In this task, you will use the kNN Regression to learn a regression model to predict case remaining time. The same as task 3, now perform the following steps to train a regression model. 

i) use the default values for the parameters to get a [kNN Regression](https://scikit-learn.org/stable/modules/generated/sklearn.neighbors.KNeighborsRegressor.html#sklearn.neighbors.KNeighborsRegressor) running on the training data. (*Optional: compute the error measures to get an impression of the performance of the model).

ii) use 5-fold cross-validation to determine a possibly better choice for the two parameters *n_neighbors* and *weights* 
    
iii) create 2D or 3D plot that shows how the selected parameters affect the performance. 

iv) select the best-performing kNN, i.e., the one that achieved the lowest cross-validated errors, and report all the error measures (MAE, MSE, RMSE, R^2) of the fitted model on the held-out test data. 

    
#### TIPS:
The same here, you may consider reuse the some of your code of Assignment 1 or use the [GridSearchCV](https://scikit-learn.org/stable/modules/generated/sklearn.model_selection.GridSearchCV.html) class (see an [example](https://www.dezyre.com/recipes/find-optimal-parameters-using-gridsearchcv-for-regression), but be aware that GridSearchSV does not return MAE or the other error measures (e.g., MSE, RMSE, R^2), you will need to update the scoring function)







In [None]:
# TODO: import packages
from sklearn.neighbors import KNeighborsRegressor


# TODO: using *data_Sepsis_ls* and test the default kNN Regressor model 

# TODO: set the search space of the parameters *n_neighbors* and *weights* 

# TODO: create 5-fold cross-validation

# TODO: learn an optimal kNN regressor

# TODO: create 2D or 3D plot that shows how the selected parameter values affect the MAE (or RMSE). 

# TODO: compute the performance of the model on your held-out test data

In [None]:
# TODO: repeat the above steps for *data_Sepsis_ag*


## Task 5.  Report your results and discuss your findings

By now, you have applied two algorithms with different parameters on the two encodings of the data set.

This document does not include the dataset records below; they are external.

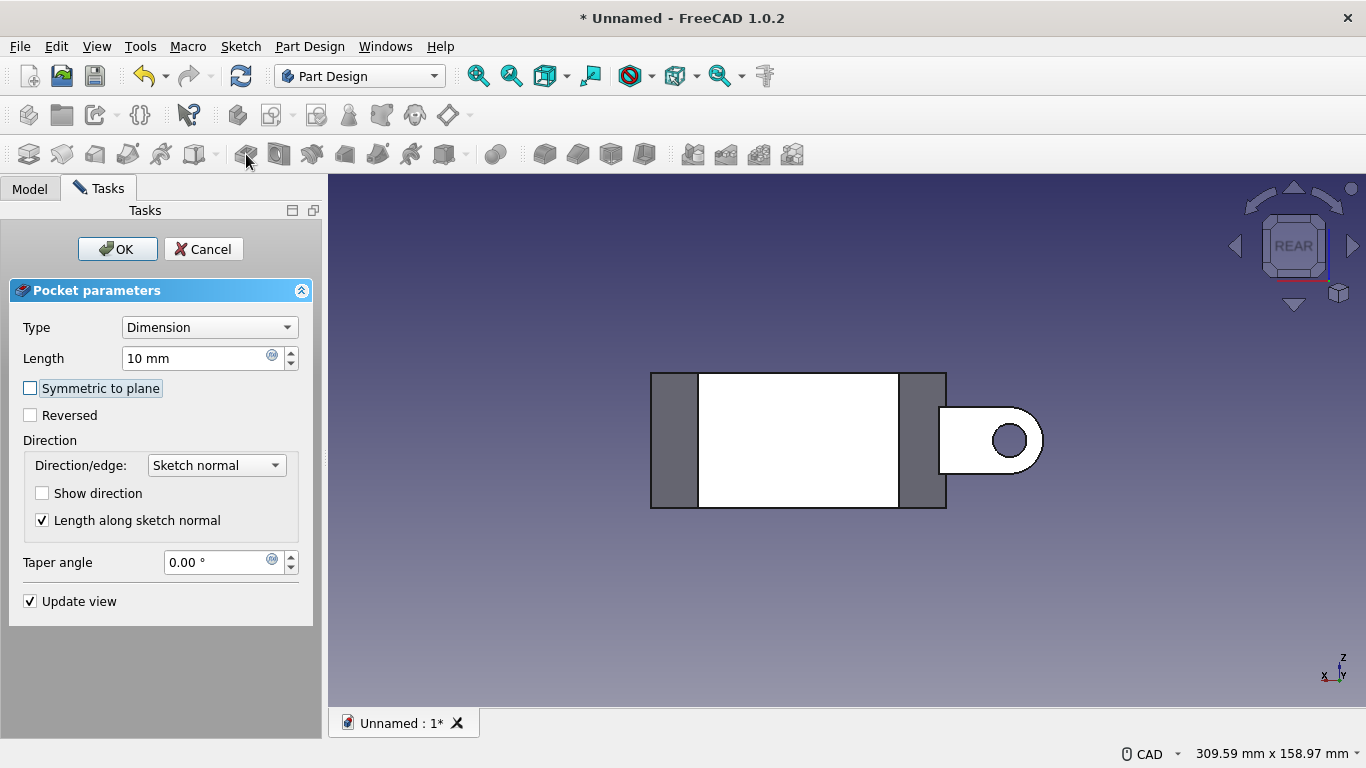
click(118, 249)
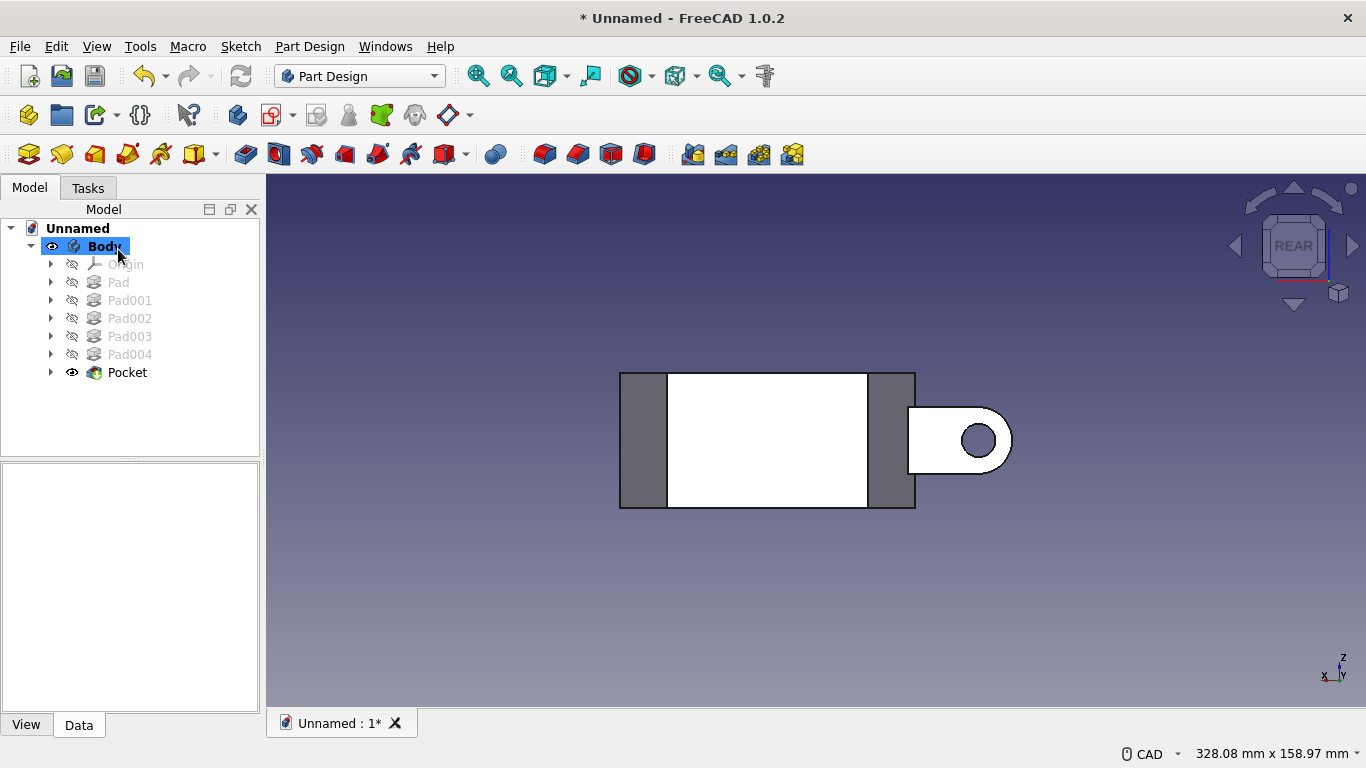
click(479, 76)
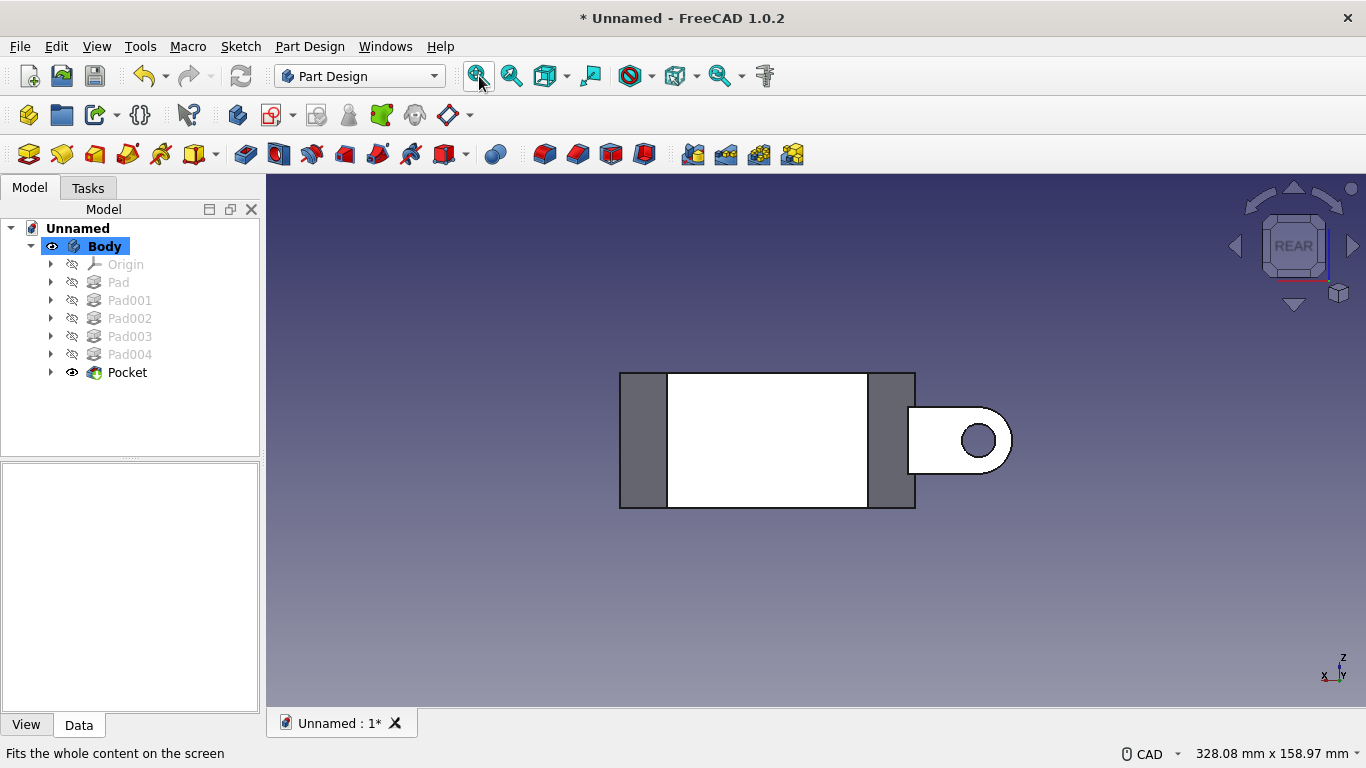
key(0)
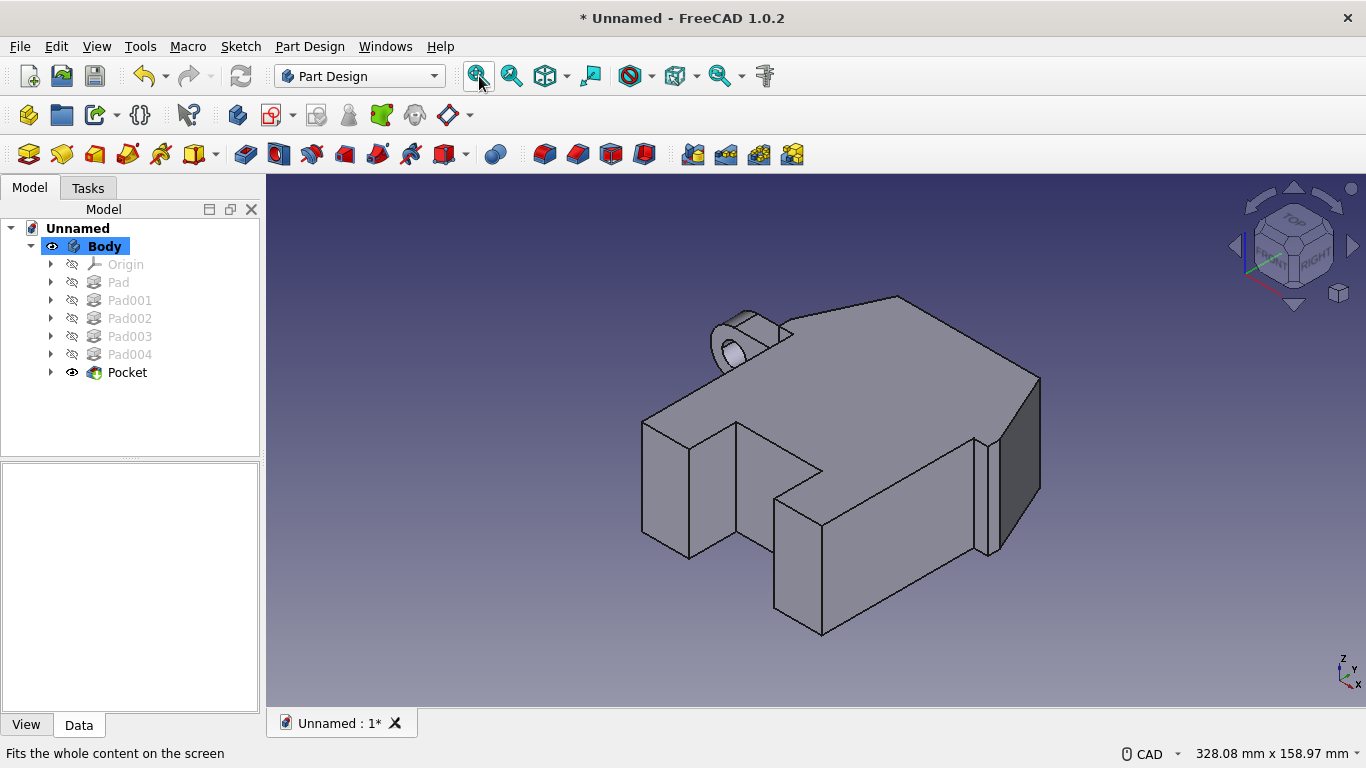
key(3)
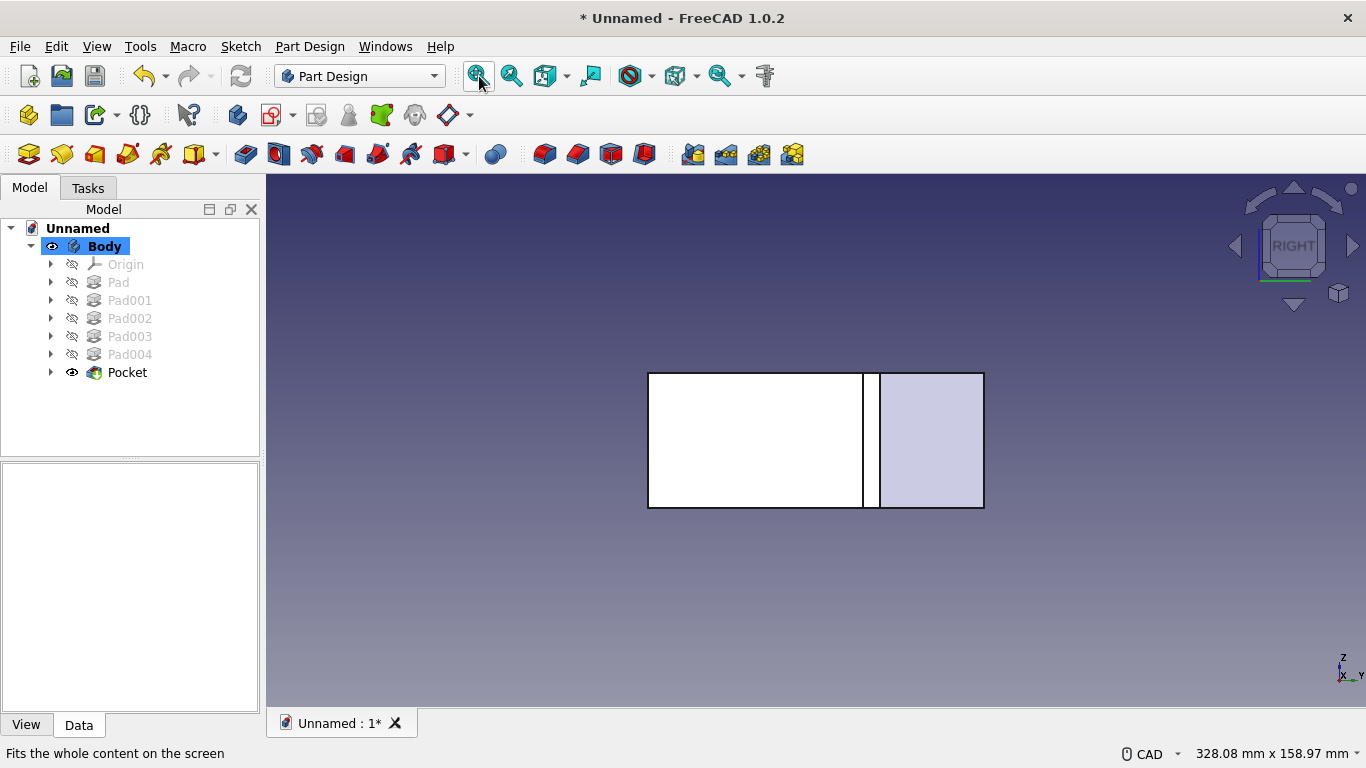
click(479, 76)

For each algorithm and each encoding, you have created tables or figures which you can add to your report. Discuss the results and their optimal performance. 

Create an overview table or figure that shows the optimal performance of each algorithm on the data set, for example, see the table here below. 


Discuss your findings and reflect on the following questions in your report:
- According to the error measures, which one would you suggest as the optimal model? 
- Are there any discrepancies between the MAE, MSE, RMSE, and R^2 measures in terms of which model performs the best? If yes, how would you explain these discrepancies. 
- Which one of the MAE, MSE, RMSE, and R^2 would you use for selecting the model? Why?
- Which one of the encoding would you suggest for this data set? Why?
- Which features have a big influence on predicting the remaining time?







| Encoding | Model | CV MAE  | Test MAE |  CV MSE  |  Test MSE  | CV R^2 | Test R^2 |... |
|------|------|------|------|------|------|------|------|-----|
|  Last-2-state | Regression Tree        |  |  | | | | |
|  Agg-state |  Regression Tree  |  |  | || | |
|   Last-2-state |kNN       |  |  | || | |
|   ... |...       |  |  | || | |











## Bonus Tasks 

We would like to challenge you with the following bonus tasks. For each task that is successfully completed, you may obtain max. 1 extra point. 

1. Implement or use another regression algorithm (for example, [Random Forest Regression](https://scikit-learn.org/stable/modules/generated/sklearn.ensemble.RandomForestRegressor.html), [LinearRegresion](https://scikit-learn.org/stable/modules/generated/sklearn.linear_model.LinearRegression.html), [SVM Regression](https://scikit-learn.org/stable/auto_examples/svm/plot_svm_regression.html#sphx-glr-auto-examples-svm-plot-svm-regression-py)) or design your own algorithm that achieves a better MAE measure. Explain this in your report.
2. Implement techniques (e.g., preprocessing, feature engineering, feature selection, sampling) that help improve the MAE scores of existing models. For example, try out a feature selection for kNN or implement inter-case features. Explain this in your report.